Oder du hast eine andere Idee einer Bleibe für dich im Baum. Wo es dir gefällt, machst du es dir gemütlich:
irgendwo weit oben in luftiger Höhe, auf halber Höhe oder zwischen den kräftigen Wurzelansätzen am Boden.
Hier verbringst du heute deine Zeit. Du richtest dich ein oder findest bereits alles vor, wie du es magst.
Eine wohltuende Atmosphäre umgibt dich und lässt dich aufatmen. Hier kannst du ganz so sein, wie du
bist, behütet von deinem Baum – eine friedliche, kraftvolle Bleibe nur für dich und die Vögel oder andere vertraute Tiere, die es dort vielleicht gibt. Ihr kennt euch. Ungestörte Zeit für dich. Mächtig ist dein
Baum, sturmerprobt, stetig gewachsen in den wechselnden Jahreszeiten. Viel hat er gesehen und sein
fester Stamm zählt viele, viele Ringe. Du fühlst, dass er dich gerne bei sich hat. Es ist dir, als könntet ihr
beide wortlos miteinander reden, als könntest du fühlen, was er dir sagt. Du lauschst. Immer deutlicher
vernimmst du in dir, was dein Baum, dessen Stamm oder Äste dich beherbergen, dir freundlich mitteilt.
Umgeben von den angenehmen Düften und Klängen deines Baumes, seinen Farben und Strukturen,
die du tastest, nimmst du für heute Abschied von deinem Baumhaus und deinem Baum.
Du kehrst zurück an den Ort, an dem du zu Anfang warst und überschaust noch einmal die Bäume
und ganz besonders deinen, der dein Freund ist. Diesen wundervoll friedlichen Rückzugsort kannst du ab
jetzt immer aufsuchen, wenn dir danach ist. Er ist in dir. Du nimmst dich wahr, spürst und fühlst, wie du
jetzt da bist, während das Bild deines Baumes mit dem Baumhaus, dem Nest oder der Baumhöhle allmählich durchscheinend wird und sich langsam auflöst.

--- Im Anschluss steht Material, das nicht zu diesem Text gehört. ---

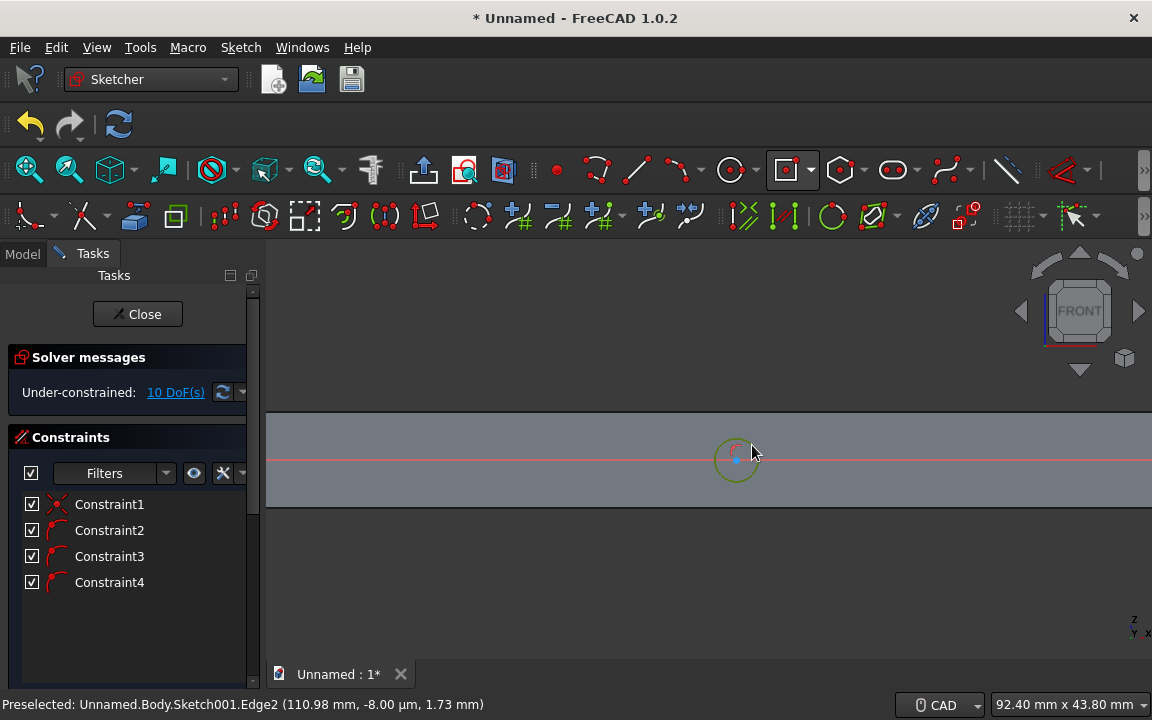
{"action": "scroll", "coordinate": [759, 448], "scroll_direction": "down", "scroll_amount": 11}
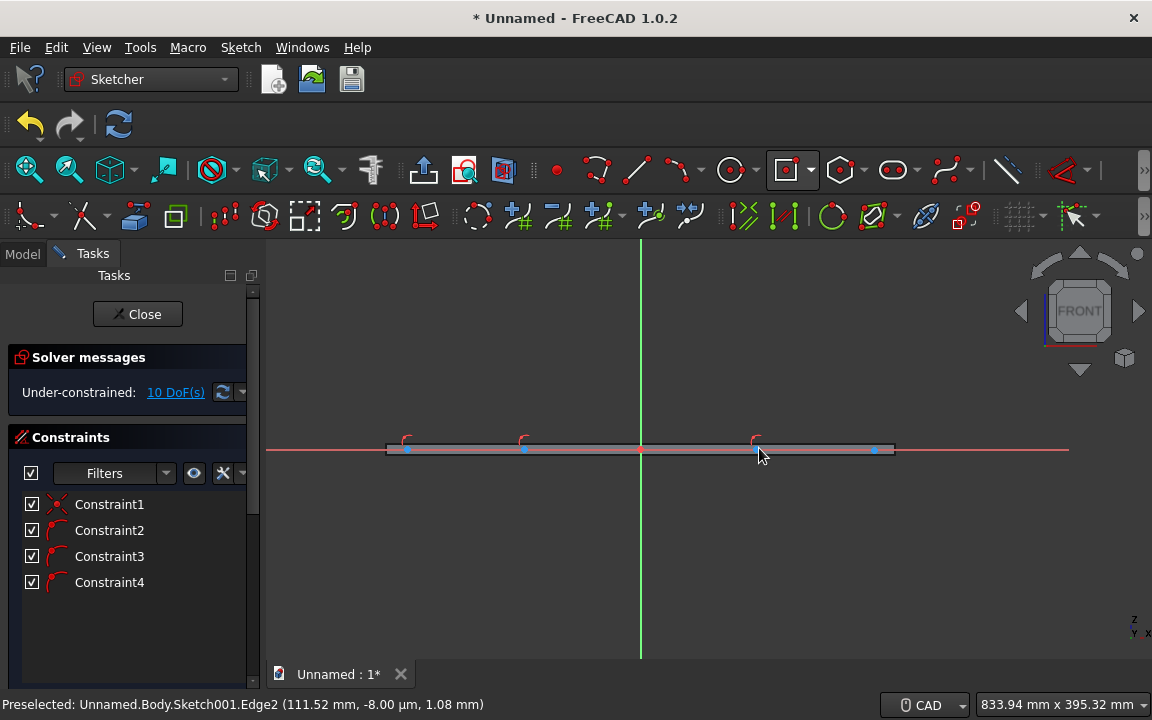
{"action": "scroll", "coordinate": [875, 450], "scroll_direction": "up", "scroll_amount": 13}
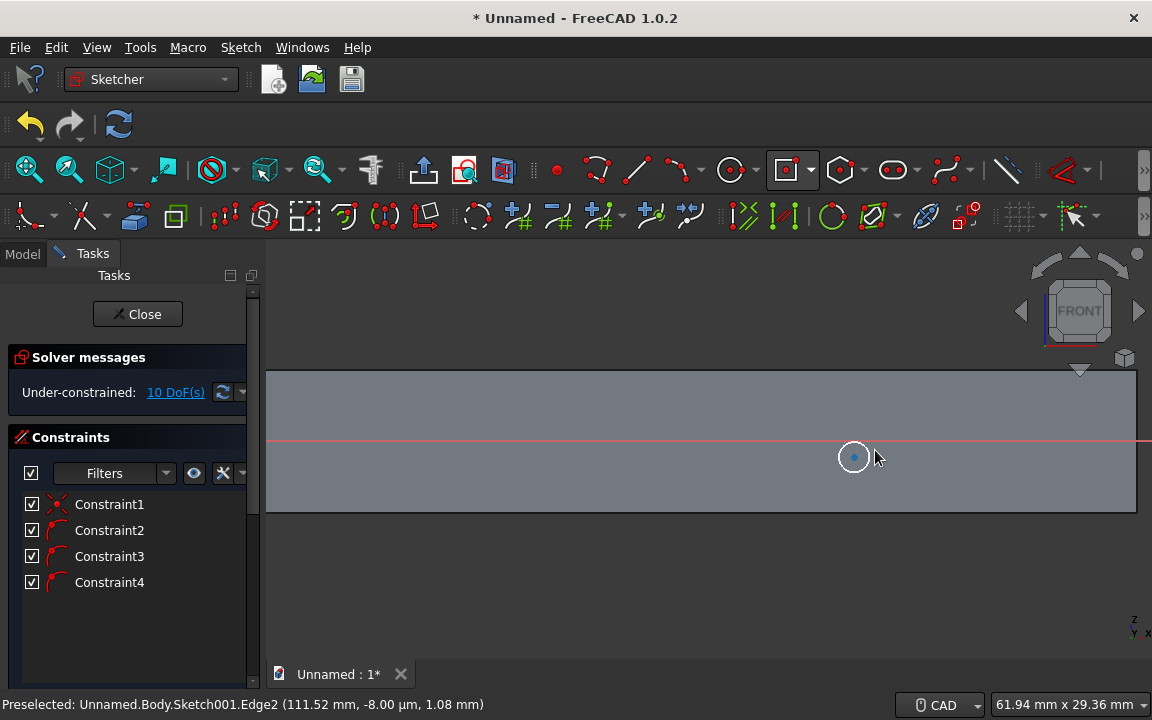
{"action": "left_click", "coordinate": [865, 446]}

Fantasiereise aus einem Interview mit der Traumatherapeutin Maria Regina Schweizer, Tübingen
Tipps zur Weiterarbeit
Wenn Sie bemerken, dass eine Schülerin oder ein Schüler einen „flash back“ bzw. eine plötzliche Nachhall­
erinnerung hat, ist es wichtig sie oder ihn dabei zu unterstützen, den „Film“, der vor dem inneren Auge abläuft, als solchen zu erkennen. Das gegenwärtige Bewusstsein des Kindes oder Jugendlichen kann in solchen Augenblicken von den unvermutet ausgelösten, intensiven Erinnerungen und den dazugehörenden
Emotionen zu Teilen oder gänzlich überflutet werden, so dass den Betroffenen kein Unterschied zwischen
der zurückliegenden traumatischen Situation und dem gegenwärtigen Moment bewusst ist. Besonnenheit,
Verständnis, manchmal ruhiger Körperkontakt und stressfreies Verhalten der Erwachsenen können einem
Menschen im flash back helfen, die Gefahrlosigkeit in der Gegenwart zu erkennen und die Verwechslung
der entsetzlichen Vergangenheit mit der momentanen Realität zu unterbrechen. Es ist zentral, dass die
Betroffenen realisieren, wo sie im Augenblick wirklich sind. Zu erkennen, dass die heftige und äußerst
lebendige Erinnerung zwar in diesem Augenblick hervorgerufen wurde und ein Wiedererleben vortäuscht,
jetzt jedoch das überwältigend Schlimme nicht stattfindet, obwohl es für die Erlebenden ganz so aussieht,
verhilft zur Beruhigung. Es ist wesentlich zu realisieren, dass die Gefahr vorbei ist und das Ereignis in der
Vergangenheit liegt. Entspannte Bewegung wie Gehen ist hilfreich, weil der Körper sich dabei beruhigt und
das Gefühl entsteht, im Hier und Jetzt weggehen und handeln zu können – anders als in der traumatischen
Erinnerung. Zur Beruhigung ist es sinnvoll, sich für einige Zeit auf den Atem zu konzentrieren und bewusst
ein- und auszuatmen. Als Ablenkung, und um destruktive Gedanken zu unterbrechen, können auch Übungen helfen, die die ganze Konzentration in Anspruch nehmen wie Kopfrechenübungen, Schnellsprechverse, Farbenraten („Nenne mir vier rote Sachen im Raum, drei grüne, zwei gelbe, ein blaues“). Auch Körperübungen und auf Dauer konstruktive Gedanken (z. B. an frühere Erfolge) können hilfreich sein.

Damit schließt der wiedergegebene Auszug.